*** SUPPLIED INFORMATION ***

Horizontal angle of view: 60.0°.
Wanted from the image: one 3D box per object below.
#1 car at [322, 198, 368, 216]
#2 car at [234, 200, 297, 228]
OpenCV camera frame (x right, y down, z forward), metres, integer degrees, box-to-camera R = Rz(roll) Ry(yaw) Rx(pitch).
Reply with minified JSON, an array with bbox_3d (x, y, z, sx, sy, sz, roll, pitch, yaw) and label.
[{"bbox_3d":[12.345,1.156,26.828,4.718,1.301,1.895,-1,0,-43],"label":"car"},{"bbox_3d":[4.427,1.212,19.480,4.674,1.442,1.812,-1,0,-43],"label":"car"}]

*** End of SUPPLIED INFORMATION ***
*** SUPPLIED INFORMATION ***

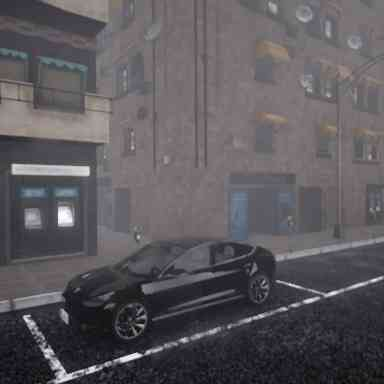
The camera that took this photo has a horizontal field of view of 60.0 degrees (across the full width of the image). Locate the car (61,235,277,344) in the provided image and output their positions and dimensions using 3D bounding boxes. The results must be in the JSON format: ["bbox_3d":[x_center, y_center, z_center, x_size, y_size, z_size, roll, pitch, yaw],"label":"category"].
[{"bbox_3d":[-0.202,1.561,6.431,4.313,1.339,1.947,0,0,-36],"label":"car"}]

*** End of SUPPLIED INFORMATION ***
*** SUPPLIED INFORMATION ***

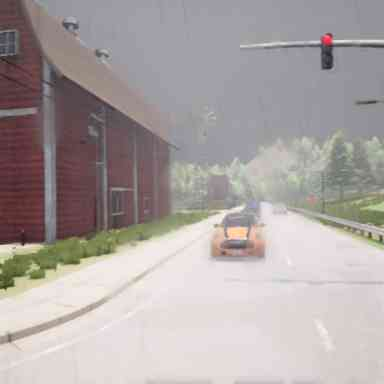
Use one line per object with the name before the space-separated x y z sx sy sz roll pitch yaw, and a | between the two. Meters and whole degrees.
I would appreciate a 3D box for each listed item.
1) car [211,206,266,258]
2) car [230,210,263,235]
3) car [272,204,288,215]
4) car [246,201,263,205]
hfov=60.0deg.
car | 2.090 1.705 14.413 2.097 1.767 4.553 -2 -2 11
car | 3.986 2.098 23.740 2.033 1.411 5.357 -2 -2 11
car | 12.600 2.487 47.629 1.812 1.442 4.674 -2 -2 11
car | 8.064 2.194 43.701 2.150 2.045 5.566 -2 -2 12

*** End of SUPPLIED INFORMATION ***

● ABOUT THIS TASK:
Copy each line of the records containing the string "object".

● TASK OUTPUT:
Wanted from the image: one 3D box per object below.
Use one line per object with the name before the space-separated x y z sx sy sz roll pitch yaw, and a | between the two. Meters and whole degrees.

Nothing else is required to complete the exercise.